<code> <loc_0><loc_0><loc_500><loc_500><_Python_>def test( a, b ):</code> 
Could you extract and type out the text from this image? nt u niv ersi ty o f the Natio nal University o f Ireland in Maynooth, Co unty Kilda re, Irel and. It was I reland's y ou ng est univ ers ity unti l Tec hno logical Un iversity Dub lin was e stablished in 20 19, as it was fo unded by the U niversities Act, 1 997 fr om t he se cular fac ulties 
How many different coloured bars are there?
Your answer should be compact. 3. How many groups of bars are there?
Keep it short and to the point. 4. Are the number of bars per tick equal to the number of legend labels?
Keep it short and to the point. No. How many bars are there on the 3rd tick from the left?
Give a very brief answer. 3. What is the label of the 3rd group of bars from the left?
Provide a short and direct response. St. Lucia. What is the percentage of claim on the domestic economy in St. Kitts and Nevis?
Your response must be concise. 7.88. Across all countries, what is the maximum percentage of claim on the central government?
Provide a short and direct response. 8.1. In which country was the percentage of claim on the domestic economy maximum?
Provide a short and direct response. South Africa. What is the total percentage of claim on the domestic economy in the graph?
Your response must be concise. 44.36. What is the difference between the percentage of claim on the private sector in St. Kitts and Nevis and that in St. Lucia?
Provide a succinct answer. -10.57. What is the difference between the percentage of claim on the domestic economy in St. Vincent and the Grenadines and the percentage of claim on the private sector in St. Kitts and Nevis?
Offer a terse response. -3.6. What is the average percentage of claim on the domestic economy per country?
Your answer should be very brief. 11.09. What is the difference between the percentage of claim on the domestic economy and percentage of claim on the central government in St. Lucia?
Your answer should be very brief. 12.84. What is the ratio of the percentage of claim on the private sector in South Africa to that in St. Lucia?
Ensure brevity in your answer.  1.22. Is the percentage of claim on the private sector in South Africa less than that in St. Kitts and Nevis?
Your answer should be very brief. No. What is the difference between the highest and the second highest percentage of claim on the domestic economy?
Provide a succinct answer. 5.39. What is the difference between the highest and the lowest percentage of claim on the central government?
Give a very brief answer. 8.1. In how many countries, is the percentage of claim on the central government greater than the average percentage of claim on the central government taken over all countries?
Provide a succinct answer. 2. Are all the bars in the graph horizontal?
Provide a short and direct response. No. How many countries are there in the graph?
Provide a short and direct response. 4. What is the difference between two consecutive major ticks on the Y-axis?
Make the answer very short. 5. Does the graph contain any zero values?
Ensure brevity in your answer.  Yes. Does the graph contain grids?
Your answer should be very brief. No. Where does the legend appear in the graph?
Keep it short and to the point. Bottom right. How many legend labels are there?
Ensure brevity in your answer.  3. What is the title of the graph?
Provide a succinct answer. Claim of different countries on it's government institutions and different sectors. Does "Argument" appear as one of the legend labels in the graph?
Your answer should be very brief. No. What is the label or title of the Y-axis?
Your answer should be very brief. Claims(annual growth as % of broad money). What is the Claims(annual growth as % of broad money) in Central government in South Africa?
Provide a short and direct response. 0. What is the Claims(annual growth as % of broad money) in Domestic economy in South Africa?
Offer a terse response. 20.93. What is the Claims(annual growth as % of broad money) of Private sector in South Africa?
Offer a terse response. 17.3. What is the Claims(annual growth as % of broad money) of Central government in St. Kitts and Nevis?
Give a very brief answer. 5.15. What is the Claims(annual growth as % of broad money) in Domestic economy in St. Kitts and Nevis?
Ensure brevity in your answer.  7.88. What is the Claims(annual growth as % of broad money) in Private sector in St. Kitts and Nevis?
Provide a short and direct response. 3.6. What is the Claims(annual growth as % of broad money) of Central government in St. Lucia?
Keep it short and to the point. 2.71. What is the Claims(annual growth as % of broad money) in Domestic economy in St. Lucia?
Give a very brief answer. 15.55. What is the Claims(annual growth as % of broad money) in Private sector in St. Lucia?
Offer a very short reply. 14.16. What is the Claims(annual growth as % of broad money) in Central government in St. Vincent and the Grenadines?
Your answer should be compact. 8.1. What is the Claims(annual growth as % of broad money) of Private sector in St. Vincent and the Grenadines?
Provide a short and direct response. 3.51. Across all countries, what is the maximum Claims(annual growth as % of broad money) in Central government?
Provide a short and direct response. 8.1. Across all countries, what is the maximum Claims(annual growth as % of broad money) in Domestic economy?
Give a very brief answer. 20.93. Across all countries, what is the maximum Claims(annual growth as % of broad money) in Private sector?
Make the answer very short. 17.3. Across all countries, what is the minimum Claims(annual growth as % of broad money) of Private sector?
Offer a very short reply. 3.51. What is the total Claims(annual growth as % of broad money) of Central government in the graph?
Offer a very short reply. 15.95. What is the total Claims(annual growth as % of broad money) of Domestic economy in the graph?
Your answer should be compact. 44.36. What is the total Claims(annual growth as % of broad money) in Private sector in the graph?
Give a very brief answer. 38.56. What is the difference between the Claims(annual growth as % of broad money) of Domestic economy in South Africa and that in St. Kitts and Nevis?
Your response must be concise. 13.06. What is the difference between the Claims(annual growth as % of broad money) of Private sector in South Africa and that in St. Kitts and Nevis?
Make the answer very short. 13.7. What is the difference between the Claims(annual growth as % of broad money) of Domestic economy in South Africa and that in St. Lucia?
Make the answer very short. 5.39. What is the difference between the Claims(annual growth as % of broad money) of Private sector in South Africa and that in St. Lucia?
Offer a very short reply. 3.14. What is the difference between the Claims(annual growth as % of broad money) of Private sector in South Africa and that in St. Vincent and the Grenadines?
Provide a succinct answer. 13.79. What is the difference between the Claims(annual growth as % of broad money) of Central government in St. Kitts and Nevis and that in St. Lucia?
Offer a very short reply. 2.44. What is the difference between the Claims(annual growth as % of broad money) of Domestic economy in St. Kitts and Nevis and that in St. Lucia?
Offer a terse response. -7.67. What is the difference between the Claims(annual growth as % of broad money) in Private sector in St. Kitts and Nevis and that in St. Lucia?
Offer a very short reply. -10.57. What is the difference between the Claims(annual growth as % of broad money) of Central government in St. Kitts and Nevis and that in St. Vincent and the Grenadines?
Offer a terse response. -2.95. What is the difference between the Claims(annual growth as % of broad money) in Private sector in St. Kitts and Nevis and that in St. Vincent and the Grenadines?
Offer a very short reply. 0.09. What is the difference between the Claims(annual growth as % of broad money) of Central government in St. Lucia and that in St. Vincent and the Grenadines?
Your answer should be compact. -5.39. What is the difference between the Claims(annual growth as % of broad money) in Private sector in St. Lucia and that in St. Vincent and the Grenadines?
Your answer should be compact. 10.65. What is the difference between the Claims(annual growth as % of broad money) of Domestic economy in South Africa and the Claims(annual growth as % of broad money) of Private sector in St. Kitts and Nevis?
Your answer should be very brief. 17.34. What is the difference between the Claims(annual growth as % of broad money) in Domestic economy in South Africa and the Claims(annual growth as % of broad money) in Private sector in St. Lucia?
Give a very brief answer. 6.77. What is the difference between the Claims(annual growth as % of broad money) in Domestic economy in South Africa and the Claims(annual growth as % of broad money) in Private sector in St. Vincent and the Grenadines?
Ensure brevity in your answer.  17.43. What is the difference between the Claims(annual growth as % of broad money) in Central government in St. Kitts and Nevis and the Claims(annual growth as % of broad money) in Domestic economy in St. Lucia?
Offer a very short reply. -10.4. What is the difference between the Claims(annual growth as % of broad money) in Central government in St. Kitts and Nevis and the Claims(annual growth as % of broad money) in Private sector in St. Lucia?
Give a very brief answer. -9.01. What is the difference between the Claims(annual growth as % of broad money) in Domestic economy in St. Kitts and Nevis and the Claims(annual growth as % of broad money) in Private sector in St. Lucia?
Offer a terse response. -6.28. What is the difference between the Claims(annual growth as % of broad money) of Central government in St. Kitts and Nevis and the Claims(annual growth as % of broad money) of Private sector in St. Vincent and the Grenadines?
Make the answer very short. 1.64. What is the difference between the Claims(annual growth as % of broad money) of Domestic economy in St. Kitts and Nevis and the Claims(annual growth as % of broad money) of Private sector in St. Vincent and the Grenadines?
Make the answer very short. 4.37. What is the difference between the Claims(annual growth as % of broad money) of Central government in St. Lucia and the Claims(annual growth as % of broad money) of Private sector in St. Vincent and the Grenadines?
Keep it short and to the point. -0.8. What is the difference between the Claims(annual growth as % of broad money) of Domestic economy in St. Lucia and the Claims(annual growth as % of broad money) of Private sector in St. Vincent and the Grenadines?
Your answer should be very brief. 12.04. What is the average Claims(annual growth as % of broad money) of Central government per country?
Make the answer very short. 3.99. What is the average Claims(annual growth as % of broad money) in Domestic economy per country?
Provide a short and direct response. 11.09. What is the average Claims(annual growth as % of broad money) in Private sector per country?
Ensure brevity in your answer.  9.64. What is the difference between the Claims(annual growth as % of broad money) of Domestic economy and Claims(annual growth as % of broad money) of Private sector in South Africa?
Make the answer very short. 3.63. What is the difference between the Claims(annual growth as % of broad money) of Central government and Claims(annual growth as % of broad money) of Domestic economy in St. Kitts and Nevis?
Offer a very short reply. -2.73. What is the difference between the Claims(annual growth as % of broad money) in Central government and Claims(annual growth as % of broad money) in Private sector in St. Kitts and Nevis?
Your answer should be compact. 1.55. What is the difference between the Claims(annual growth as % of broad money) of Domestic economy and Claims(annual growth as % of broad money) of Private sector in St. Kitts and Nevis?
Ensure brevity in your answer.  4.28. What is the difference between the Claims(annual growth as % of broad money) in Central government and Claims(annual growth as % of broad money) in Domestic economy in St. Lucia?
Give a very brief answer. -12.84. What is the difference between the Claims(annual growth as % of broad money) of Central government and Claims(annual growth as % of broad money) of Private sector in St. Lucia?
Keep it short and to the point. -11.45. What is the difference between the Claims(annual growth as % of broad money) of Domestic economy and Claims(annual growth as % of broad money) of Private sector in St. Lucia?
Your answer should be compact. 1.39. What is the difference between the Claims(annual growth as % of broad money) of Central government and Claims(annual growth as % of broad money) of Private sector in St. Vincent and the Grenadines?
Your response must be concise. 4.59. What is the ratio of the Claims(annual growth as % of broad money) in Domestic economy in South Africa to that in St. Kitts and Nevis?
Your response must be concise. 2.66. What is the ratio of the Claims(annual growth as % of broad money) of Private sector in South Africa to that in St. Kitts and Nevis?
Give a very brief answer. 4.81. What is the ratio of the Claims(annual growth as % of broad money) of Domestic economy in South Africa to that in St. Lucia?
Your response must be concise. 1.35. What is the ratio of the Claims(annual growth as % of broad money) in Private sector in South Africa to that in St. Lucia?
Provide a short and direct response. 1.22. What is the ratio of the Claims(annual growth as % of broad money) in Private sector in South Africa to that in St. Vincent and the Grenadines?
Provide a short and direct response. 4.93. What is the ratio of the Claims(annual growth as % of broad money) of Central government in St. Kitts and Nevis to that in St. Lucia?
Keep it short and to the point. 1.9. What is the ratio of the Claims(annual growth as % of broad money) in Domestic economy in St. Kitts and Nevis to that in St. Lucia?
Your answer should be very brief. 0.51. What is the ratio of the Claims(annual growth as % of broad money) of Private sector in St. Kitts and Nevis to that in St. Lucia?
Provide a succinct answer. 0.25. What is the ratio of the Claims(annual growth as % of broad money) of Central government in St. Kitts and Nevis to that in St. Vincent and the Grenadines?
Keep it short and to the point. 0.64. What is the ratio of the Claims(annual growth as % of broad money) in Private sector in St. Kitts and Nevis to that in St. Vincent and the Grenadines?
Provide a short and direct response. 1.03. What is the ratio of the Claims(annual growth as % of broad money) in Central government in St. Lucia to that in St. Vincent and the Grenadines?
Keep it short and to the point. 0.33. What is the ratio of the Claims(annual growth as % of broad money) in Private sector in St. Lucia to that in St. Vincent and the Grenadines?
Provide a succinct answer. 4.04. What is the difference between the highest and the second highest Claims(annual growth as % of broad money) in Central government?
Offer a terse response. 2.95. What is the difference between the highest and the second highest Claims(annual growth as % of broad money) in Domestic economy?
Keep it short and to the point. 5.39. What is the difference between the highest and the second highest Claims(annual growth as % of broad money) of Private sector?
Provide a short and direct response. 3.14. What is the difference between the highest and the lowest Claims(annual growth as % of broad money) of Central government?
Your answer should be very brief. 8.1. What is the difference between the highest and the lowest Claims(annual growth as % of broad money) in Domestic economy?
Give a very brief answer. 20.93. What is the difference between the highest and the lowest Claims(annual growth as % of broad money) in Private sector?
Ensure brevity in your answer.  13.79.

▶ **TASK TO COMPLETE**
Go through the material above and output exactly the lines from the one containing "Your answer should be very brief. 0.51." through the one containing "Keep it short and to the point. 0.64.".

▶ **ANSWER SPACE**
Your answer should be very brief. 0.51. What is the ratio of the Claims(annual growth as % of broad money) of Private sector in St. Kitts and Nevis to that in St. Lucia?
Provide a succinct answer. 0.25. What is the ratio of the Claims(annual growth as % of broad money) of Central government in St. Kitts and Nevis to that in St. Vincent and the Grenadines?
Keep it short and to the point. 0.64. What is the ratio of the Claims(annual growth as % of broad money) in Private sector in St. Kitts and Nevis to that in St. Vincent and the Grenadines?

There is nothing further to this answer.